WHAT TO PRODUCE -> Find the lines in the records below that contain "bell", and report each of them.

===== GIVEN INFORMATION

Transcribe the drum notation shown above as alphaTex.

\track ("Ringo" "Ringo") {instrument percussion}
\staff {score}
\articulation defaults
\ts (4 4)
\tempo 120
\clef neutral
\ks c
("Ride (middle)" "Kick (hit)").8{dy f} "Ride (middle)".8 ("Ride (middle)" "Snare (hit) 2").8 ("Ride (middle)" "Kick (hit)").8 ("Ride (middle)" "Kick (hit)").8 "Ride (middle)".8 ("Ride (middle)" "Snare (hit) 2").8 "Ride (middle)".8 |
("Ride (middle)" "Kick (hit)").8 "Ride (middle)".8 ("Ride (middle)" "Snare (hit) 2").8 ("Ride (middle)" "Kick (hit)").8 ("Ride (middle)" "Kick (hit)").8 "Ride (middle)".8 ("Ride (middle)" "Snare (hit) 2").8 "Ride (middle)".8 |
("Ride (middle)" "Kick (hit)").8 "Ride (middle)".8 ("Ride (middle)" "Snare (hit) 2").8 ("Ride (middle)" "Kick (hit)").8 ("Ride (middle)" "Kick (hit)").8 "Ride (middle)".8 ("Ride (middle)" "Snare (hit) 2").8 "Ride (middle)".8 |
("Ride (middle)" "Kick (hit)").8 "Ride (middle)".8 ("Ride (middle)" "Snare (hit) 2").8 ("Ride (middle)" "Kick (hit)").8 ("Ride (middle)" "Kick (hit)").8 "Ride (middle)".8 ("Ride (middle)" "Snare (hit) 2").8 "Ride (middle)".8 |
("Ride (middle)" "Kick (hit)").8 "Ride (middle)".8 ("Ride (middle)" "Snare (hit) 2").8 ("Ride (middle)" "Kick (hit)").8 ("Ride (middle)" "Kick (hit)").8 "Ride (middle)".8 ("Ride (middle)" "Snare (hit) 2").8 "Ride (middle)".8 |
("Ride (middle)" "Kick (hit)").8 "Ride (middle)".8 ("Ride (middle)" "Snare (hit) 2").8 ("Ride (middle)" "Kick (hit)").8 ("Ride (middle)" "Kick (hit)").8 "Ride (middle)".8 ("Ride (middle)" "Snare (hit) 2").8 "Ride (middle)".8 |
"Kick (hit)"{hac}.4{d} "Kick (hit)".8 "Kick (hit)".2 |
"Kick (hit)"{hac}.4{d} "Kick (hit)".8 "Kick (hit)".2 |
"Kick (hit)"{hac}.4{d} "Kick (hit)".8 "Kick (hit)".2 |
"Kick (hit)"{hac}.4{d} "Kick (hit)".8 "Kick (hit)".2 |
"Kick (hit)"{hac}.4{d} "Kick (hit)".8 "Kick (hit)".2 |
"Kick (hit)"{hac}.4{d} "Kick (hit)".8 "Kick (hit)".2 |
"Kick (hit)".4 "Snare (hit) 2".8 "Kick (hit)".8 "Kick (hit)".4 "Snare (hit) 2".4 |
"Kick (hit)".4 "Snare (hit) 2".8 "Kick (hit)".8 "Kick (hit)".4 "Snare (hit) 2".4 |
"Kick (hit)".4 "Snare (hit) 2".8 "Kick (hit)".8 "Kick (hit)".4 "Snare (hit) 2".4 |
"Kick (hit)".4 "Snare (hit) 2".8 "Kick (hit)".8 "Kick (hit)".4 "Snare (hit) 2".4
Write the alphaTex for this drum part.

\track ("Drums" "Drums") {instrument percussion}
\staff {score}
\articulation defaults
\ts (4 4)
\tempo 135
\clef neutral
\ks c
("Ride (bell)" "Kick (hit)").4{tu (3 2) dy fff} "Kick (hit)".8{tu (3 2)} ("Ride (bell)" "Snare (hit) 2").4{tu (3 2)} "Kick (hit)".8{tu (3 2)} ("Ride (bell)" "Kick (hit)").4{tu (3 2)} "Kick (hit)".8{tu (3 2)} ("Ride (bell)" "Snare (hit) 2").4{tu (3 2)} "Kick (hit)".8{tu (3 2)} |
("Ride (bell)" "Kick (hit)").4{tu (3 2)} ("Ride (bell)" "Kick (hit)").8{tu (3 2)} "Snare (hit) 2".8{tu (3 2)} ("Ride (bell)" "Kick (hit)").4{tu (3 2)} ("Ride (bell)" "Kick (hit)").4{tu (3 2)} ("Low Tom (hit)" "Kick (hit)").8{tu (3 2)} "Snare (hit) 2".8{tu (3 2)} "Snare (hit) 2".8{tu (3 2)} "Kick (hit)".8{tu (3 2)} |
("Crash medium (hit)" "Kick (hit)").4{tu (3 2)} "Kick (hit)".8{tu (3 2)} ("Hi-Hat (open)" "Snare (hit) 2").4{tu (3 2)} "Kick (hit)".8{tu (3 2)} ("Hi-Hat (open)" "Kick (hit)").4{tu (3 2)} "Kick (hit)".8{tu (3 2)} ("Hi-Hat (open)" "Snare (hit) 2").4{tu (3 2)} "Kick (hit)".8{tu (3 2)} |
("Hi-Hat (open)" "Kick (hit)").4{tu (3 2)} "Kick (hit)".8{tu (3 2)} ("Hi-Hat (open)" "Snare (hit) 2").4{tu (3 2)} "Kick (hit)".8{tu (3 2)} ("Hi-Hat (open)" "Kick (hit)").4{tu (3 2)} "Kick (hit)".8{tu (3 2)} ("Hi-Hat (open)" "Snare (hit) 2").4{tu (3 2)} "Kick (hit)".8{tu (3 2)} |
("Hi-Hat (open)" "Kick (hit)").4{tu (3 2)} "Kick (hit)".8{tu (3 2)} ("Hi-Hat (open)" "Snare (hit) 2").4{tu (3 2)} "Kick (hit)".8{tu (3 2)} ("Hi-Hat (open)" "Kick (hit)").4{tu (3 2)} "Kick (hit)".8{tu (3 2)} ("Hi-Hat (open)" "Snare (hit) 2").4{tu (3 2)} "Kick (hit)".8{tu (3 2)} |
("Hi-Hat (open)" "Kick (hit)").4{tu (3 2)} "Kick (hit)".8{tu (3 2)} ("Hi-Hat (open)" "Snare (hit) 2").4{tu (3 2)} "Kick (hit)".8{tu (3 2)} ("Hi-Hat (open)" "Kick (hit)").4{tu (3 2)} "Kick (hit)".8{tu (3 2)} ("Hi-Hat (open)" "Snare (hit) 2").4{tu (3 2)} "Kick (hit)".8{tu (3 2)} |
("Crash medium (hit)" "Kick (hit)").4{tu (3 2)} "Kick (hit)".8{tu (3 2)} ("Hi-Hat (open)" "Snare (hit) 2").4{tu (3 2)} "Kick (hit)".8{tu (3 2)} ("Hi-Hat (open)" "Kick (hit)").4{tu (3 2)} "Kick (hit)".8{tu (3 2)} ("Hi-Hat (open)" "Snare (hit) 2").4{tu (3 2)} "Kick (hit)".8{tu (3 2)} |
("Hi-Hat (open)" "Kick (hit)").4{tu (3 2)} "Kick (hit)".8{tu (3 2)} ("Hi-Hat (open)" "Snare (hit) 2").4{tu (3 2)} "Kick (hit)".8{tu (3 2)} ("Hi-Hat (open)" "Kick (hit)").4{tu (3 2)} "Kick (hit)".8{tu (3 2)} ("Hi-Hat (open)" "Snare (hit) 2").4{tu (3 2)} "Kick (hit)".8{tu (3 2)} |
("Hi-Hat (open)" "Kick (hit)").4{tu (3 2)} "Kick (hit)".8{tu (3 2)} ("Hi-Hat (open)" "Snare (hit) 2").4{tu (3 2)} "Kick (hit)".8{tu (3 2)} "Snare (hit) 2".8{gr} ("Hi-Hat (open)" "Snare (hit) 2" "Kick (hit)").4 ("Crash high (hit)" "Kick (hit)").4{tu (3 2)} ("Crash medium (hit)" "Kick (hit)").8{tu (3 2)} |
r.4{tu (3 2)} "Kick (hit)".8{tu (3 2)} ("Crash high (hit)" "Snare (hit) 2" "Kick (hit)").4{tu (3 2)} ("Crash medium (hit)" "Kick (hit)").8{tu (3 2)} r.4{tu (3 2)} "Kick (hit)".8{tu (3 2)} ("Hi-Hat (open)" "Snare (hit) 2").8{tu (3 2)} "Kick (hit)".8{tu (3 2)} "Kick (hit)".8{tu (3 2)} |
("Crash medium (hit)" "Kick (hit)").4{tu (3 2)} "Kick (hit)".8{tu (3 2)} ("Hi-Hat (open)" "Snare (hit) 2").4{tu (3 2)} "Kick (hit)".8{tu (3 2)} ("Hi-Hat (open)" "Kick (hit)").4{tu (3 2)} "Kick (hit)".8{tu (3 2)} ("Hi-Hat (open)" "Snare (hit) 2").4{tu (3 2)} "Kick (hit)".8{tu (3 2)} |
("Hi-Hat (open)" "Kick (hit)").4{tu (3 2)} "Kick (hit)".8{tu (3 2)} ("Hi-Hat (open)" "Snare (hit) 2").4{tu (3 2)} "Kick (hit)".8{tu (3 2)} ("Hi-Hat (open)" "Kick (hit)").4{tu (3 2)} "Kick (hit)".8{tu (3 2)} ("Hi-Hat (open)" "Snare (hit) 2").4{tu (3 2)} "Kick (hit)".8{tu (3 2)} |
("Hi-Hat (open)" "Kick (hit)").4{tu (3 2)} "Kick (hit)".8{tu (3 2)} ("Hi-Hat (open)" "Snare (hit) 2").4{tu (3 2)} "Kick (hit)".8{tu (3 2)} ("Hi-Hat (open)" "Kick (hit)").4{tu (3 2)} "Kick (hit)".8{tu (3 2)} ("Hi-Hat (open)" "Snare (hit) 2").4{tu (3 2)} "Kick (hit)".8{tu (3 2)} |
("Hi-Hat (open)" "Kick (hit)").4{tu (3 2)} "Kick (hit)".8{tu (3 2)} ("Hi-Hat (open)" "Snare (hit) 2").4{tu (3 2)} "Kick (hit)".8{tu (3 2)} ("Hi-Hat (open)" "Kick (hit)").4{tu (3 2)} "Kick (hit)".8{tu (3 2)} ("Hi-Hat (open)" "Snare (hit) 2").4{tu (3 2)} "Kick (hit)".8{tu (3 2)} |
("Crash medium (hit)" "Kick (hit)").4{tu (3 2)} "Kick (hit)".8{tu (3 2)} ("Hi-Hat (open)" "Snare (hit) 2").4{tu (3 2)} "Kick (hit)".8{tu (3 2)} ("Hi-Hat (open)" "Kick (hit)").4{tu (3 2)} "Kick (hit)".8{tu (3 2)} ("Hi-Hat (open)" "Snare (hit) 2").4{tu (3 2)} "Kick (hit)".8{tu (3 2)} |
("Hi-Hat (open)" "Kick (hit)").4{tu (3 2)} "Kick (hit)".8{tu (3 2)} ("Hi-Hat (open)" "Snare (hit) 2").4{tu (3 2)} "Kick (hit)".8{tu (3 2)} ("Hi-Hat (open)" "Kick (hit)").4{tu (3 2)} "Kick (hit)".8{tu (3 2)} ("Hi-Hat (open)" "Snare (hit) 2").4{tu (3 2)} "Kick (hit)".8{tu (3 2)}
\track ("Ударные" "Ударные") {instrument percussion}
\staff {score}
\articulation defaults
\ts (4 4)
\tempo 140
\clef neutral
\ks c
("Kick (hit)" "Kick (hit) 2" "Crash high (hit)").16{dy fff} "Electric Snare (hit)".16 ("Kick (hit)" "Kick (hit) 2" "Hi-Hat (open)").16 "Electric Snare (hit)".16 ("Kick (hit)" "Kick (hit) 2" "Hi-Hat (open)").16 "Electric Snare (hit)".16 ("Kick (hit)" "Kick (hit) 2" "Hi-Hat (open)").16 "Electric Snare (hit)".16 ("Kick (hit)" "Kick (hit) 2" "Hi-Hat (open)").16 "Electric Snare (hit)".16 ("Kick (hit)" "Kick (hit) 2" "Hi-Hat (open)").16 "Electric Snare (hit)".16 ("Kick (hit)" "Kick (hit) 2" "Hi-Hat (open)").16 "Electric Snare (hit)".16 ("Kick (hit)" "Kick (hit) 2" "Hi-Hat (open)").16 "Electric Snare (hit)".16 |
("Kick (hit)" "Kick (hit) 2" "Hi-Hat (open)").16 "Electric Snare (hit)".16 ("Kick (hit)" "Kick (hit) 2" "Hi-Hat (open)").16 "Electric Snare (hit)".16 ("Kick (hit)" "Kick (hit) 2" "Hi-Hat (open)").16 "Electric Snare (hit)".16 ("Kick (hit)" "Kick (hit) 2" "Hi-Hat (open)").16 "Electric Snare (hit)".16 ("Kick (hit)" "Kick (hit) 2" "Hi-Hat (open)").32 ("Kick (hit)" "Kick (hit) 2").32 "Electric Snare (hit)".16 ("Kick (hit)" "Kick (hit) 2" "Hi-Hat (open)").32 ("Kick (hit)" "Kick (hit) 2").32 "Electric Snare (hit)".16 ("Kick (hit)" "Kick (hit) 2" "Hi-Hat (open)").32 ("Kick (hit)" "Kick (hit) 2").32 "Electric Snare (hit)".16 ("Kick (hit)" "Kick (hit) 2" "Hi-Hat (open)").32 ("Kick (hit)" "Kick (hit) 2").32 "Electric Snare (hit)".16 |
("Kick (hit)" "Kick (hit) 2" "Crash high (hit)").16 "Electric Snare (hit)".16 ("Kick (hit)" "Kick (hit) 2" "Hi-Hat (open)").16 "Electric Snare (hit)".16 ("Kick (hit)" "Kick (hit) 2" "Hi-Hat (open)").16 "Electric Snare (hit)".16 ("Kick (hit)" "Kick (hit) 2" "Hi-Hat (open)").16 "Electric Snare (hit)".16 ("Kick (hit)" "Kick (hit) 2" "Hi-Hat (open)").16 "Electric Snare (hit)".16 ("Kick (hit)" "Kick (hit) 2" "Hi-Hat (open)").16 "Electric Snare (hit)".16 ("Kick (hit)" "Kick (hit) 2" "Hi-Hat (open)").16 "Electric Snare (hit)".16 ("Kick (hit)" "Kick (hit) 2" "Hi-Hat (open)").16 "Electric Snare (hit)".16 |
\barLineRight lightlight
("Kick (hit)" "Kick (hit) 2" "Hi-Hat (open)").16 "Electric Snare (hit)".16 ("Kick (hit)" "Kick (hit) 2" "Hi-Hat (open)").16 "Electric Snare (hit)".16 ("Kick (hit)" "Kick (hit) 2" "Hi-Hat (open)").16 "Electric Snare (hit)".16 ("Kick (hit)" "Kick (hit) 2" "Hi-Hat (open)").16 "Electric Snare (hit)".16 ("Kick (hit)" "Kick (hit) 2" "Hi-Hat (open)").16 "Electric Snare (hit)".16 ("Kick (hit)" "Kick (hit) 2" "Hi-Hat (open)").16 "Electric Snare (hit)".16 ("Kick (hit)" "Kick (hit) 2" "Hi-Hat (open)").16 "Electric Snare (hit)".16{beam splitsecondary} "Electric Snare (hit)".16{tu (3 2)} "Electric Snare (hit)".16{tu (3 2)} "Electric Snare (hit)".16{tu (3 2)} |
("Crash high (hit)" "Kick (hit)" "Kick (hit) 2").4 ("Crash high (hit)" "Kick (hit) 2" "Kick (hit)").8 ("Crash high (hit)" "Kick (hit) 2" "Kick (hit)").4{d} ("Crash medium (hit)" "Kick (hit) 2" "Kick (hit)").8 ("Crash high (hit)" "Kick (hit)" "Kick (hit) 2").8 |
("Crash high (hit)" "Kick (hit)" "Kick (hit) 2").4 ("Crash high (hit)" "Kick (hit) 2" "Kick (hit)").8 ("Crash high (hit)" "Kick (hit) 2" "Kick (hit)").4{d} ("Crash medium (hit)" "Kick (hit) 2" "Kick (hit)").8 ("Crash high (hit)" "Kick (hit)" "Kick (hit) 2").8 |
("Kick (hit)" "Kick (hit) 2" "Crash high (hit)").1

==========

SOLUTION ->
("Ride (bell)" "Kick (hit)").4{tu (3 2) dy fff} "Kick (hit)".8{tu (3 2)} ("Ride (bell)" "Snare (hit) 2").4{tu (3 2)} "Kick (hit)".8{tu (3 2)} ("Ride (bell)" "Kick (hit)").4{tu (3 2)} "Kick (hit)".8{tu (3 2)} ("Ride (bell)" "Snare (hit) 2").4{tu (3 2)} "Kick (hit)".8{tu (3 2)} |
("Ride (bell)" "Kick (hit)").4{tu (3 2)} ("Ride (bell)" "Kick (hit)").8{tu (3 2)} "Snare (hit) 2".8{tu (3 2)} ("Ride (bell)" "Kick (hit)").4{tu (3 2)} ("Ride (bell)" "Kick (hit)").4{tu (3 2)} ("Low Tom (hit)" "Kick (hit)").8{tu (3 2)} "Snare (hit) 2".8{tu (3 2)} "Snare (hit) 2".8{tu (3 2)} "Kick (hit)".8{tu (3 2)} |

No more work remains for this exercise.